» **What to produce**: Go through the records and show each line where the word "student" occurs.

» **Records for processing**:
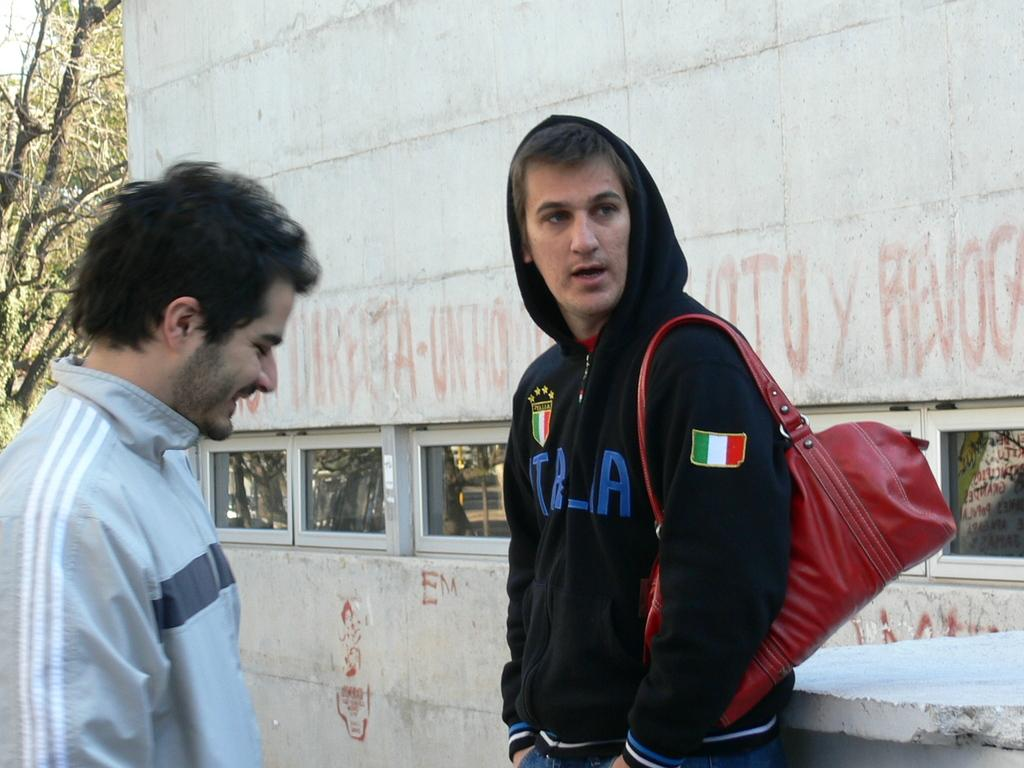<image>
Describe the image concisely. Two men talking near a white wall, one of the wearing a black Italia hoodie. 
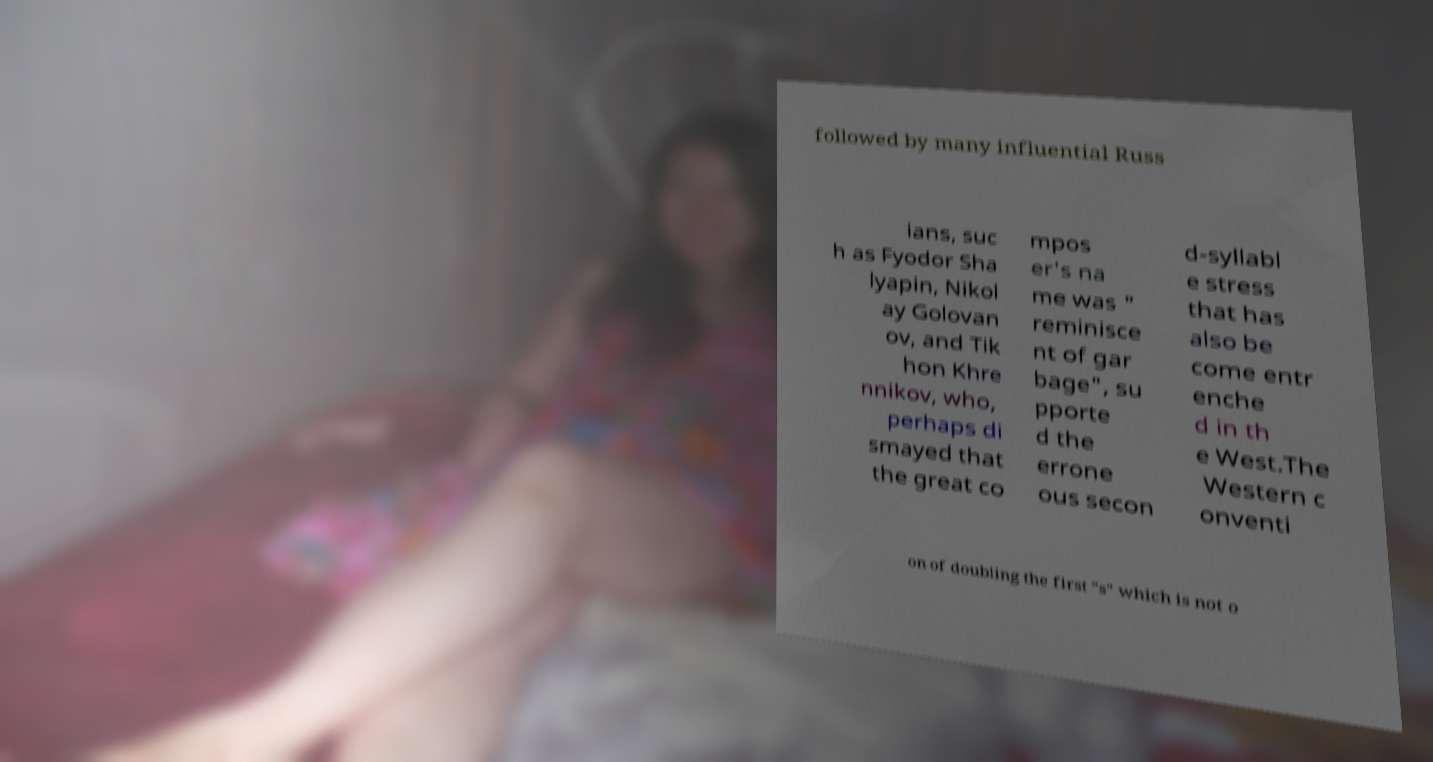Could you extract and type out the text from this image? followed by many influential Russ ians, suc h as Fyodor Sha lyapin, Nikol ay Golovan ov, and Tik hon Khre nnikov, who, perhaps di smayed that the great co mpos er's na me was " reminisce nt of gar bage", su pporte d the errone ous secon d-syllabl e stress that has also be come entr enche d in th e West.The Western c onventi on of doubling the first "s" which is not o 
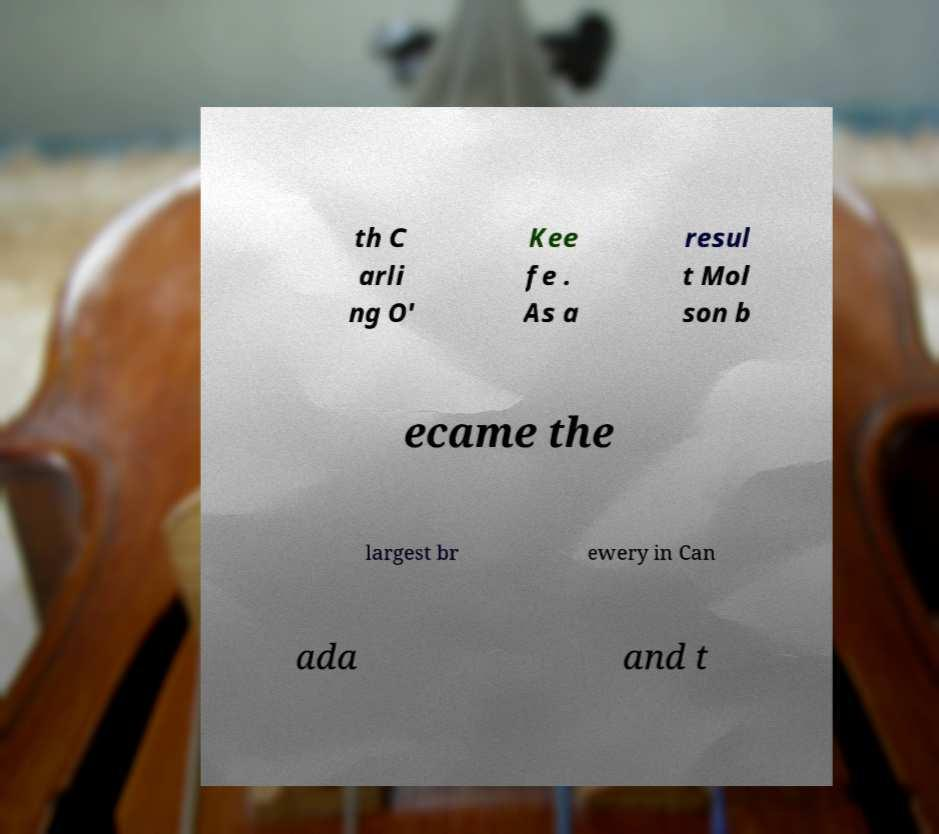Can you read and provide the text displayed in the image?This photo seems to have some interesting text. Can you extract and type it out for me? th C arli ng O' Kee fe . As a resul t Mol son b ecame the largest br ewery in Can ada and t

==

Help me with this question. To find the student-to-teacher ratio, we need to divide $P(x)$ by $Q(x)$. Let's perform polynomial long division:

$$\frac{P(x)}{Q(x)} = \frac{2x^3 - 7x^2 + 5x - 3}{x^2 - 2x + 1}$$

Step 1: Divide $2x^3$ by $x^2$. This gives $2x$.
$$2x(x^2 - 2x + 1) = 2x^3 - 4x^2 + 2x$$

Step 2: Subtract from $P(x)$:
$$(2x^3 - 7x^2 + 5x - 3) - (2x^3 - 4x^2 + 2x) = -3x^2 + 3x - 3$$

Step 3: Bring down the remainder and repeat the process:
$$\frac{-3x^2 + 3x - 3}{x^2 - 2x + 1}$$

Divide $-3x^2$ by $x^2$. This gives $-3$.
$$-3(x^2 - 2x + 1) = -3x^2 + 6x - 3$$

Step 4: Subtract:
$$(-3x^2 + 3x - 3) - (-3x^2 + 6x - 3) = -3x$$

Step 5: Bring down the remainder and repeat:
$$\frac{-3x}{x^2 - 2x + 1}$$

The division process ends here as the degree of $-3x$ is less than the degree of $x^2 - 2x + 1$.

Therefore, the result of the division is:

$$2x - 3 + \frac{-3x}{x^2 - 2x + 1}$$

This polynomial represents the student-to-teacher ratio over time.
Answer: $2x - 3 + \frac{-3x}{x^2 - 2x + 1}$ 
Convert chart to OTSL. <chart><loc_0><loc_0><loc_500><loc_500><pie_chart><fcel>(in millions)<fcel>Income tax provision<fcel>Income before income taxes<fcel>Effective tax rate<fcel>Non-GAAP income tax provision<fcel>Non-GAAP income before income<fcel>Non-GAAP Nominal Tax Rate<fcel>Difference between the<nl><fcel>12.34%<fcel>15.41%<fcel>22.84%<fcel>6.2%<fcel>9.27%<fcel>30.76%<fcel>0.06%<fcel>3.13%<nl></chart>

» **Exercise result**:
Help me with this question. To find the student-to-teacher ratio, we need to divide $P(x)$ by $Q(x)$. Let's perform polynomial long division:
This polynomial represents the student-to-teacher ratio over time.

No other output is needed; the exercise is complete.